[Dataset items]
BEGIN
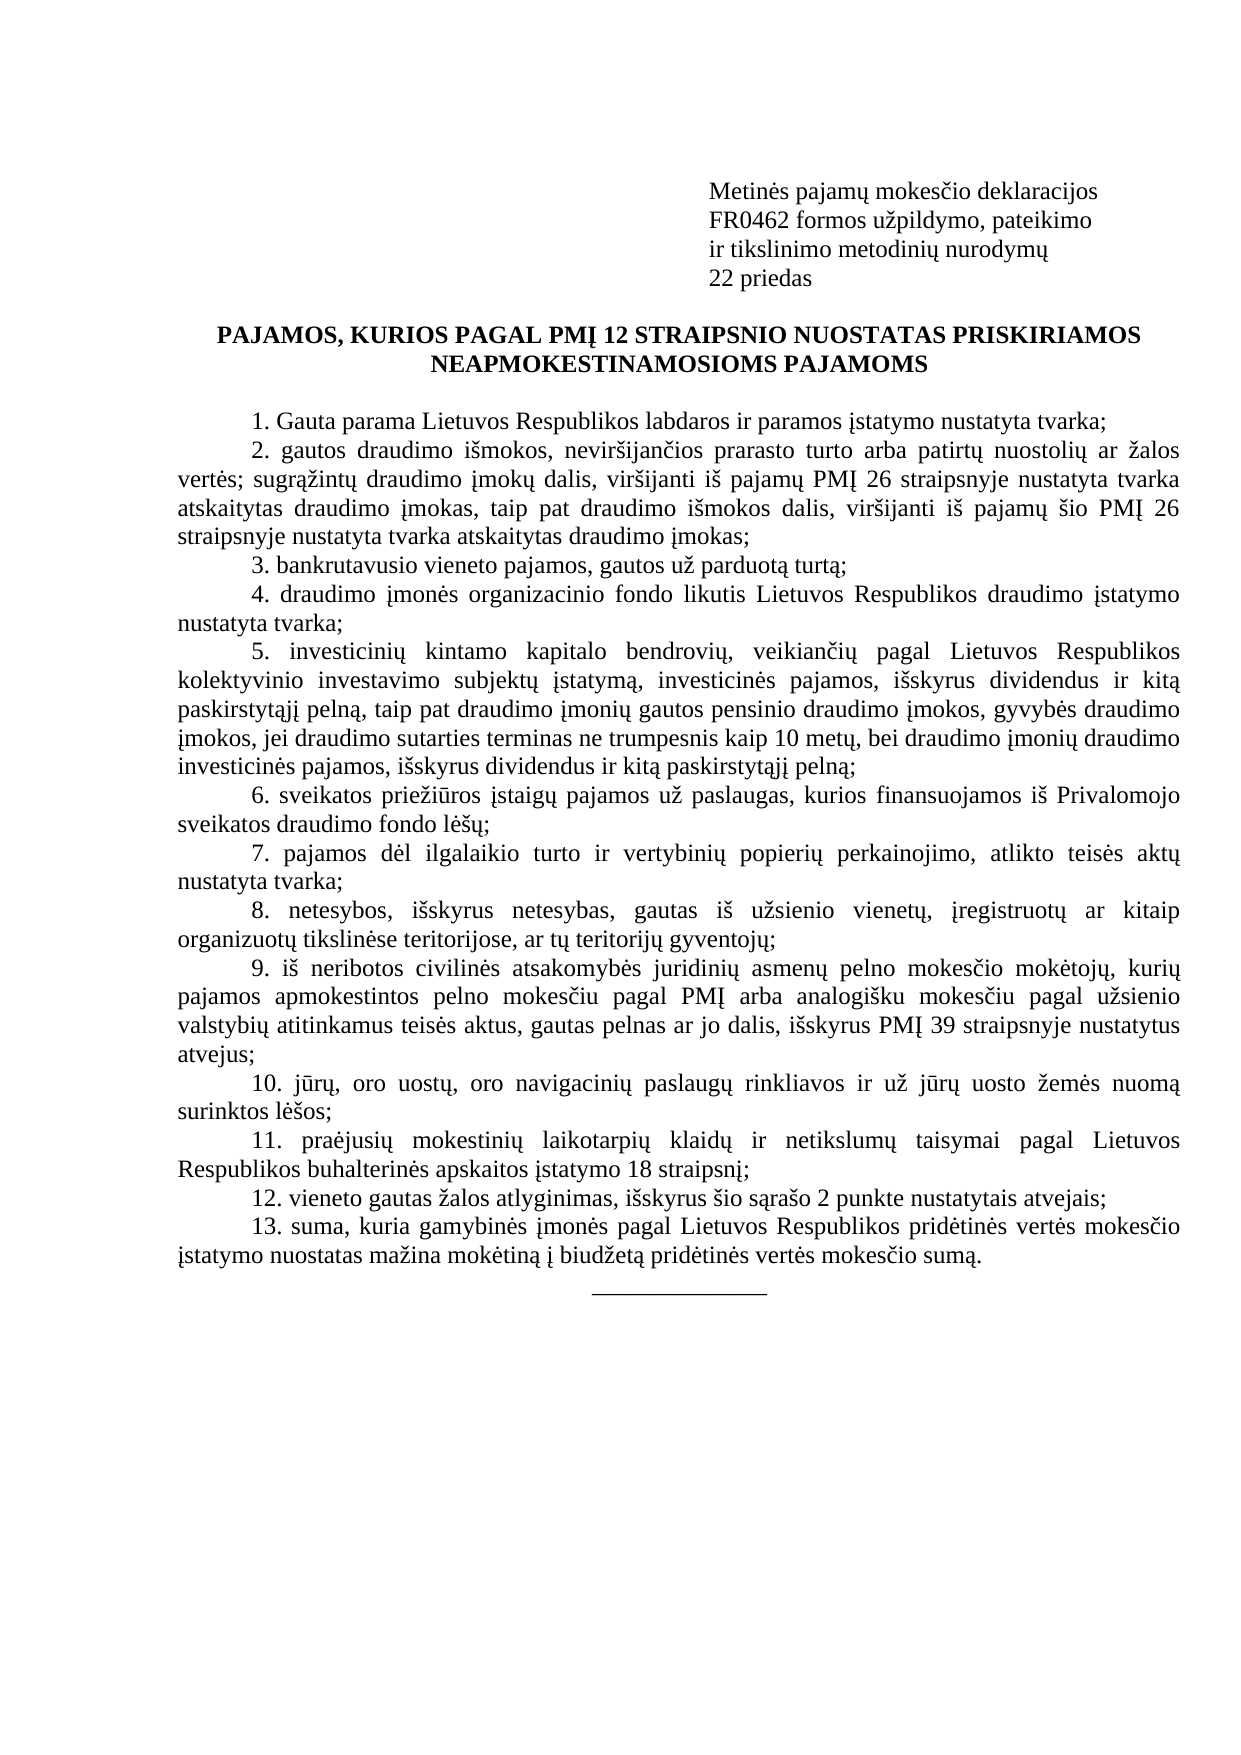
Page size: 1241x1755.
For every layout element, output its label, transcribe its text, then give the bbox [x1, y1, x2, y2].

text 22 priedas [177, 263, 1181, 291]
text FR0462 formos užpildymo, pateikimo [177, 205, 1181, 234]
text 8. netesybos, išskyrus netesybas, gautas iš užsienio vienetų, įregistruotų ar kitaip organizuotų tikslinėse teritorijose, ar tų teritorijų gyventojų; [177, 895, 1181, 953]
text ______________ [177, 1269, 1181, 1298]
text 4. draudimo įmonės organizacinio fondo likutis Lietuvos Respublikos draudimo įstatymo nustatyta tvarka; [177, 579, 1181, 636]
text 10. jūrų, oro uostų, oro navigacinių paslaugų rinkliavos ir už jūrų uosto žemės nuomą surinktos lėšos; [177, 1068, 1181, 1125]
text Pajamos, kurios pagal PMĮ 12 straipsnio nuostatas priskiriamos neapmokestinamosioms pajamoms [177, 320, 1181, 378]
text 2. gautos draudimo išmokos, neviršijančios prarasto turto arba patirtų nuostolių ar žalos vertės; sugrąžintų draudimo įmokų dalis, viršijanti iš pajamų PMĮ 26 straipsnyje nustatyta tvarka atskaitytas draudimo įmokas, taip pat draudimo išmokos dalis, viršijanti iš pajamų šio PMĮ 26 straipsnyje nustatyta tvarka atskaitytas draudimo įmokas; [177, 435, 1181, 550]
text 9. iš neribotos civilinės atsakomybės juridinių asmenų pelno mokesčio mokėtojų, kurių pajamos apmokestintos pelno mokesčiu pagal PMĮ arba analogišku mokesčiu pagal užsienio valstybių atitinkamus teisės aktus, gautas pelnas ar jo dalis, išskyrus PMĮ 39 straipsnyje nustatytus atvejus; [177, 953, 1181, 1068]
text 1. Gauta parama Lietuvos Respublikos labdaros ir paramos įstatymo nustatyta tvarka; [177, 406, 1181, 435]
text 11. praėjusių mokestinių laikotarpių klaidų ir netikslumų taisymai pagal Lietuvos Respublikos buhalterinės apskaitos įstatymo 18 straipsnį; [177, 1125, 1181, 1183]
text Metinės pajamų mokesčio deklaracijos [177, 176, 1181, 205]
text 12. vieneto gautas žalos atlyginimas, išskyrus šio sąrašo 2 punkte nustatytais atvejais; [177, 1183, 1181, 1211]
text ir tikslinimo metodinių nurodymų [177, 234, 1181, 263]
text 5. investicinių kintamo kapitalo bendrovių, veikiančių pagal Lietuvos Respublikos kolektyvinio investavimo subjektų įstatymą, investicinės pajamos, išskyrus dividendus ir kitą paskirstytąjį pelną, taip pat draudimo įmonių gautos pensinio draudimo įmokos, gyvybės draudimo įmokos, jei draudimo sutarties terminas ne trumpesnis kaip 10 metų, bei draudimo įmonių draudimo investicinės pajamos, išskyrus dividendus ir kitą paskirstytąjį pelną; [177, 636, 1181, 780]
text 6. sveikatos priežiūros įstaigų pajamos už paslaugas, kurios finansuojamos iš Privalomojo sveikatos draudimo fondo lėšų; [177, 780, 1181, 838]
text 3. bankrutavusio vieneto pajamos, gautos už parduotą turtą; [177, 550, 1181, 579]
text 7. pajamos dėl ilgalaikio turto ir vertybinių popierių perkainojimo, atlikto teisės aktų nustatyta tvarka; [177, 838, 1181, 895]
text 13. suma, kuria gamybinės įmonės pagal Lietuvos Respublikos pridėtinės vertės mokesčio įstatymo nuostatas mažina mokėtiną į biudžetą pridėtinės vertės mokesčio sumą. [177, 1211, 1181, 1269]
END
*YOUR INSTRUCTIONS*: Give again, word for word, every line from the top of the data above to the line holding "text 8. netesybos, išskyrus", inclusive, with the pictures left out.

*RESULT*:
Page size: 1241x1755.
For every layout element, output its label, transcribe its text, then give the bbox [x1, y1, x2, y2].

text 22 priedas [177, 263, 1181, 291]
text FR0462 formos užpildymo, pateikimo [177, 205, 1181, 234]
text 8. netesybos, išskyrus netesybas, gautas iš užsienio vienetų, įregistruotų ar kitaip organizuotų tikslinėse teritorijose, ar tų teritorijų gyventojų; [177, 895, 1181, 953]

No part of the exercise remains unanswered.